С женитьбой у него ничего не вышло. Плохо жили. Не успел Лысый жениться, как к супруге зачастил бывший с какими-то претензиями. Однажды дверь ему открыл Лысый в семейных трусах и без разговоров зарядил в челюсть. Бывший кинулся вниз, но на первом этаже его догнал Володя с огромным ножом в руках и со всего размаху засадил в брюхо. Вот только промазал и разорвал несколько куртку. Бывший вырвался, но уже за дверями с улицы прокричал, что еще вернется. Лысый его с удовольствием ждет.

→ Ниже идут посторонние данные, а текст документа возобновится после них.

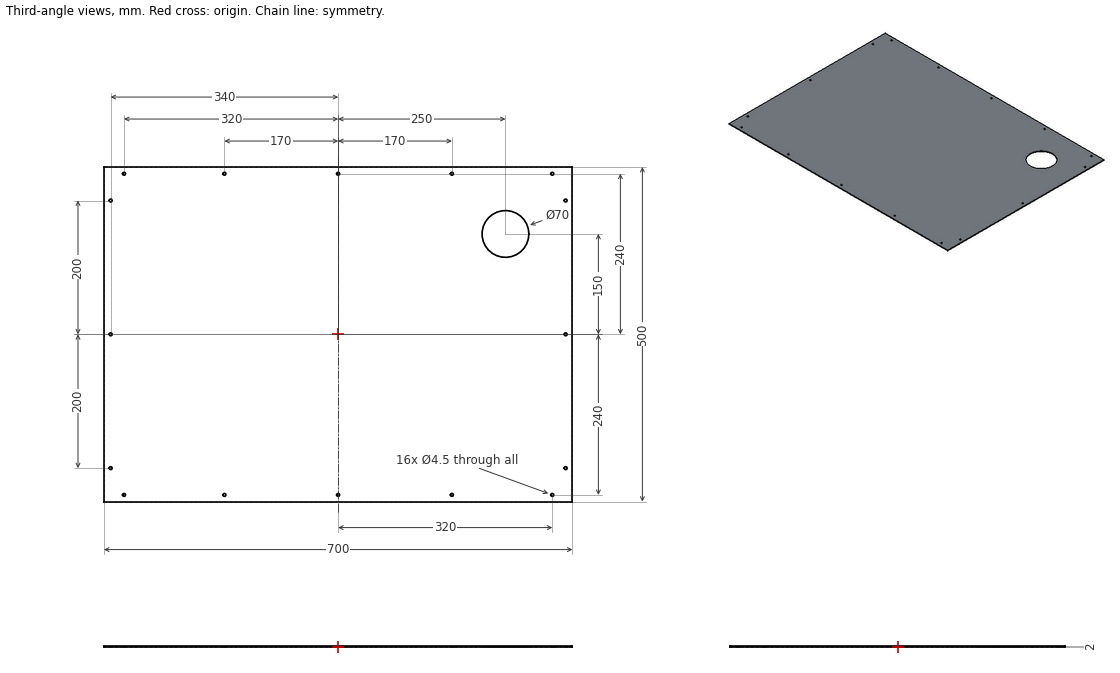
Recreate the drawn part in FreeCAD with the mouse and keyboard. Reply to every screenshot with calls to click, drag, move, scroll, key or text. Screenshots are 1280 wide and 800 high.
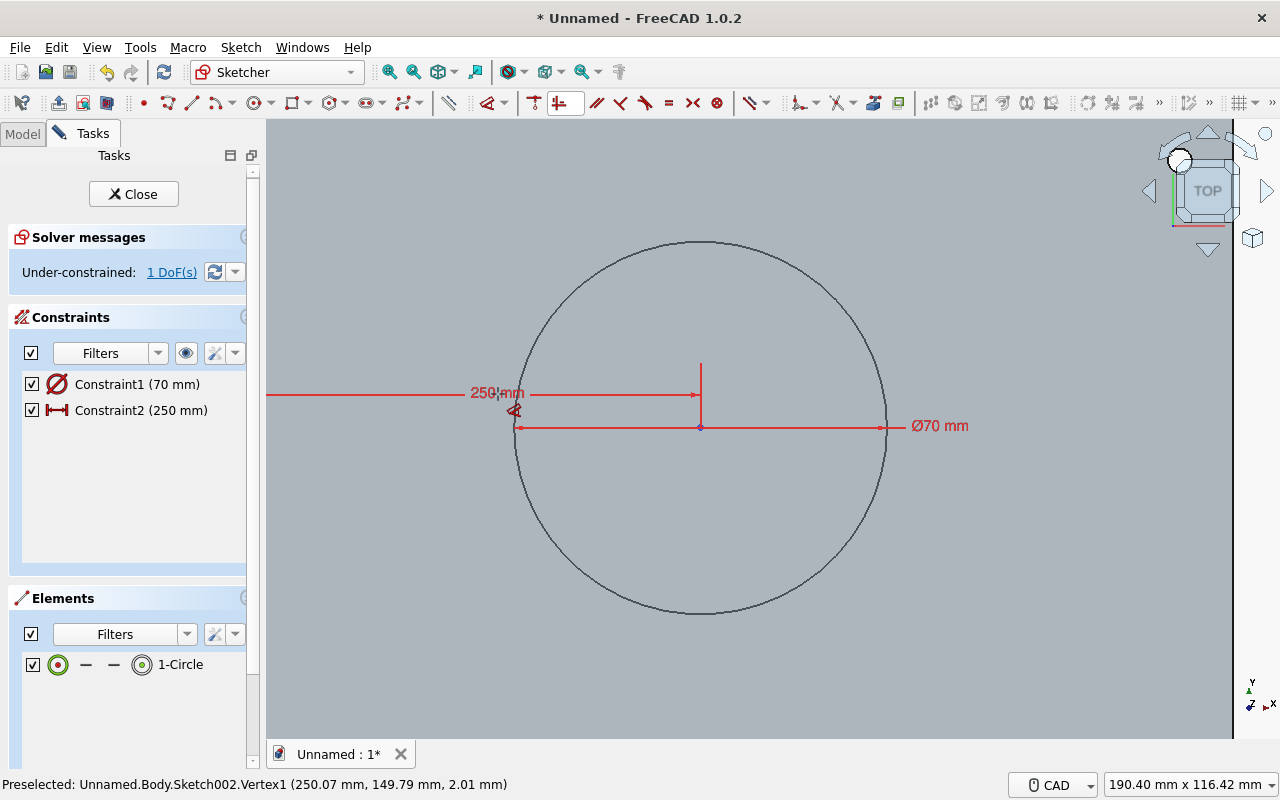
click(701, 428)
click(735, 569)

Через год жена подала на развод, да все как-то недружелюбно проходило. Начала бывшая супруга, а она была актрисой, приводить после спектакля в квартиру к Лысому, в свою комнату, компании. Чуть ли не каждую ночь – оргии до утра. Провоцировали Лысого на скандал. Хотела, приблудная, отсудить что-нибудь из жилплощади в Киеве. Приводила-приводила, пока в один прекрасный момент Лысый не выбросил её вещи с балкона второго этажа. Компания, как раз, высаживалась из такси прямо под окнами. Вот и у Вовчика в жизни беспорядок.

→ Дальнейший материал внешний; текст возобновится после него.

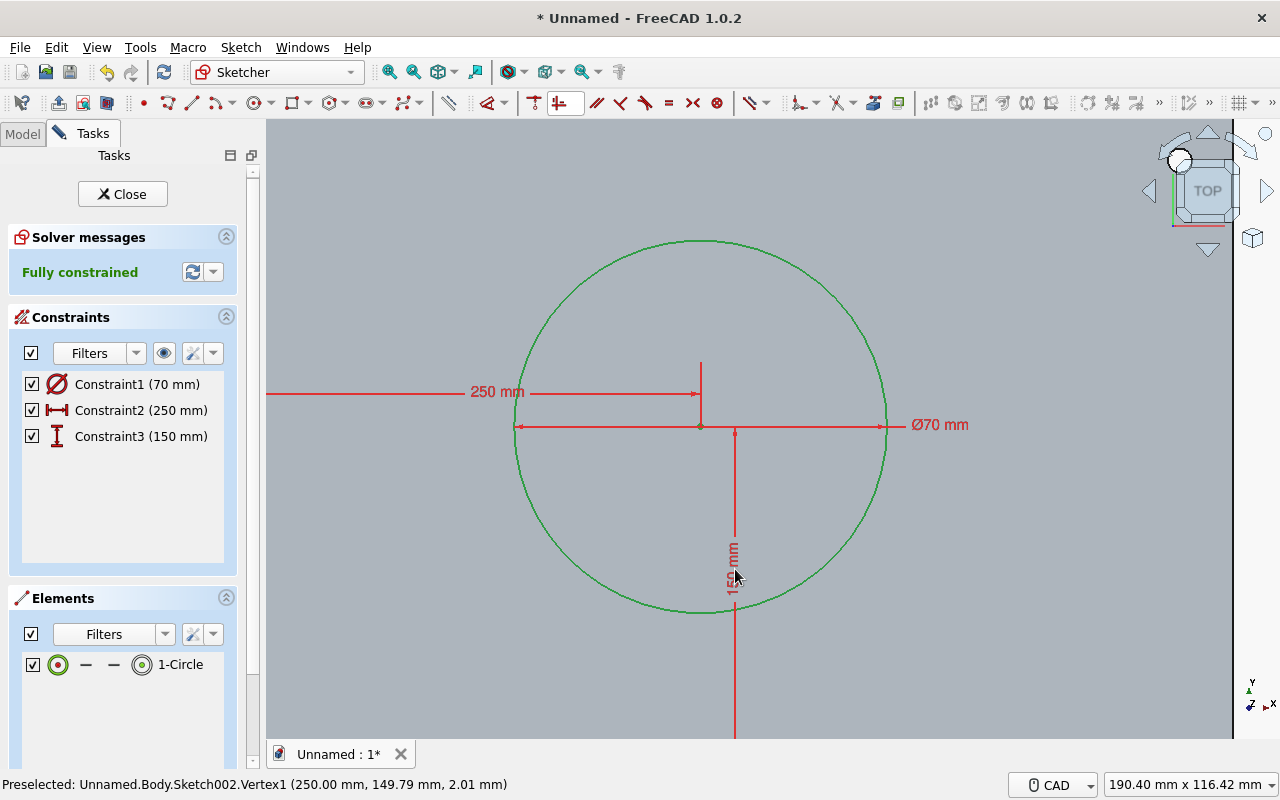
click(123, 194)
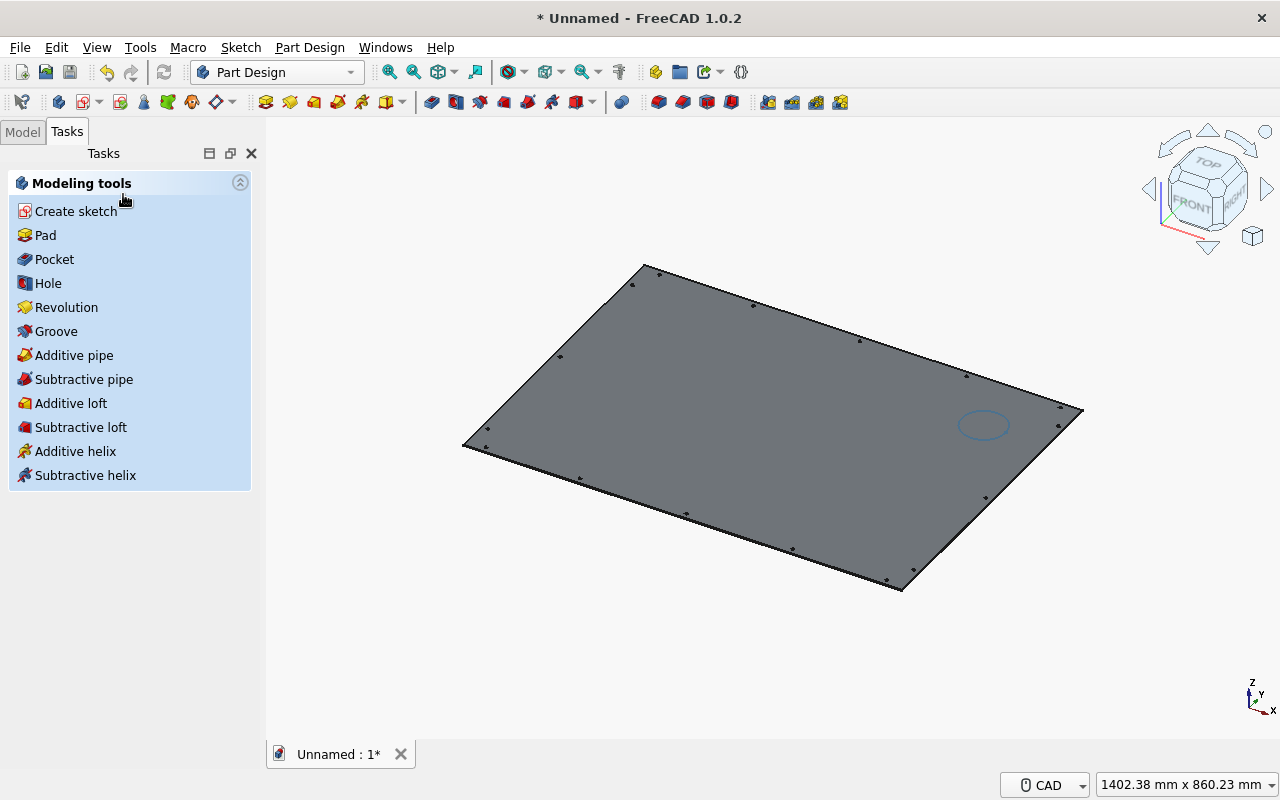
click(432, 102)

Касеус передал вернувшемуся Мартыну дела и сообщил, что он отваливает. Касеус женился на дочери начальника, поступил в институт и решил делать советскую карьеру. Бог в помощь.

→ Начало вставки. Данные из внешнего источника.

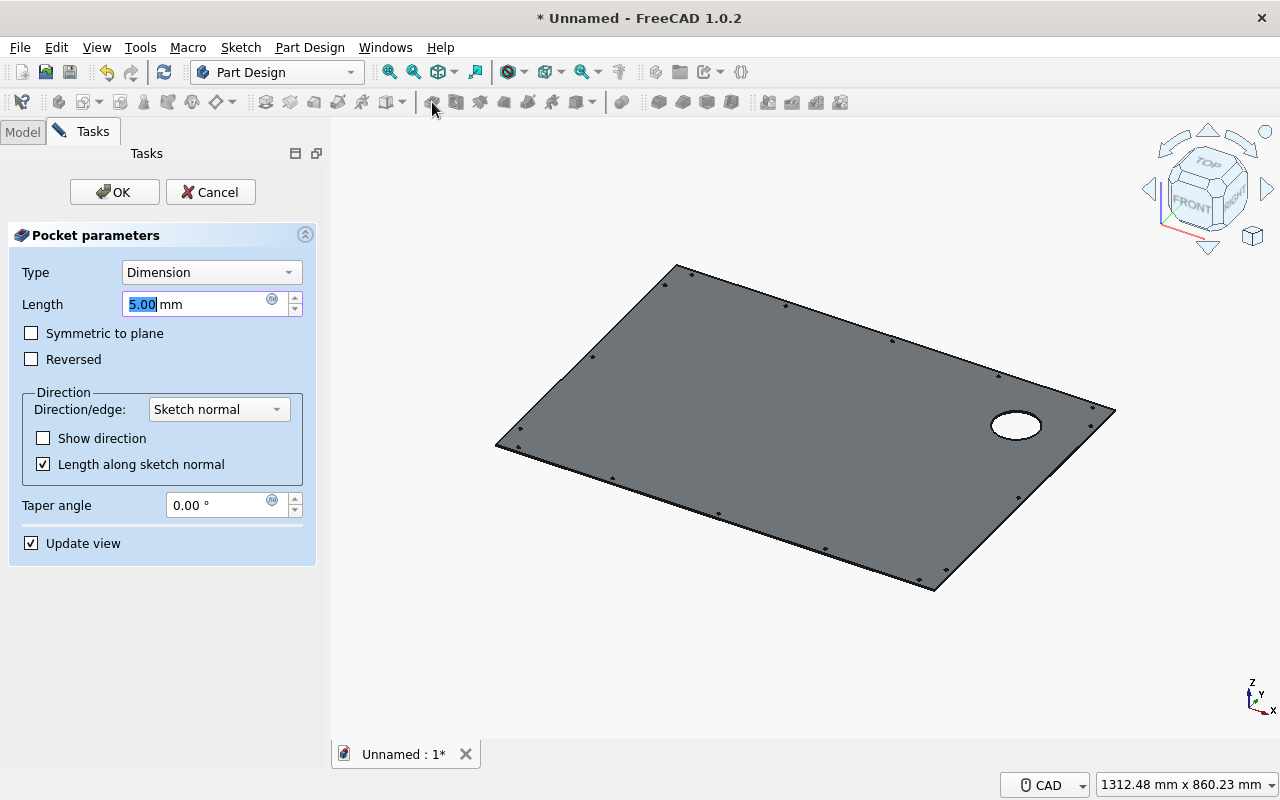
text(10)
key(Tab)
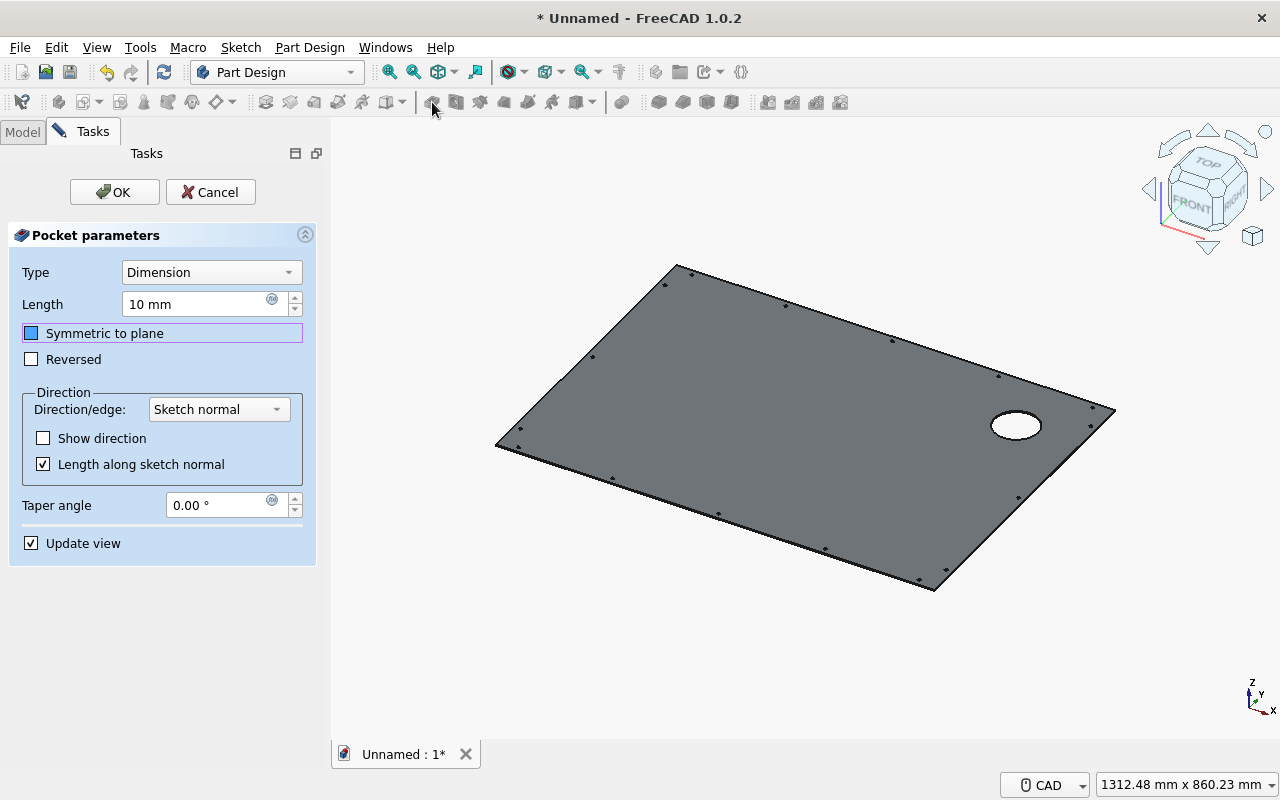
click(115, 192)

Мартын же по возвращении загулял, и найти его не было пока никакой возможности. Каждый день ночует в новом месте. Я передал через Ленина, чтобы Мартын объявился.
Миха получил два года дисбата за драку и сидел на Востоке. Кудя передал дела Акуле и сосредоточился на учебе в КИСИ, которую он подзапустил во время отсутствия реального руководства. Нивковскую и сырецкую компанию собирает по кускам Акула, но пока не справляется.
Плотник сумел рассориться со всеми святошинскими, и на сходняке был переизбран. Вместо него выбрали Явора. Толик постарше Плотника. На Кременецкой мы жили в одном доме. Когда я пошел в первый класс, Толик уже был в четвертом. К седьмому классу я его догнал. Переехав на Борщаговку, мы уже учились в одном классе. Это грузный, выше среднего роста, темноволосый пацан с крупным носом и толстыми губами. Густые брови, как у Леонида Ильича. Производит тяжелое впечатление на собеседника, когда смотрит на него мутными глазами пристально с прищуром.
Соображает туговато, но если сообразит, то с пути его уже ничем не собьешь. Хоть стреляй из гранатомета. На Святошино его побаиваются, а значит уважают. Плотник далеко в сторону не отошел. За эти пару лет, и он сумел собрать вокруг себя кое-кого. Как они там поладят?
Один Спидола не подвел. Ну, в нем я никогда и не сомневался ни единой секунды. Спидола передал мне общак, все дела и сообщил, что уезжает в геологическую экспедицию начальником партии. Как-то незаметно он и Универ закончил.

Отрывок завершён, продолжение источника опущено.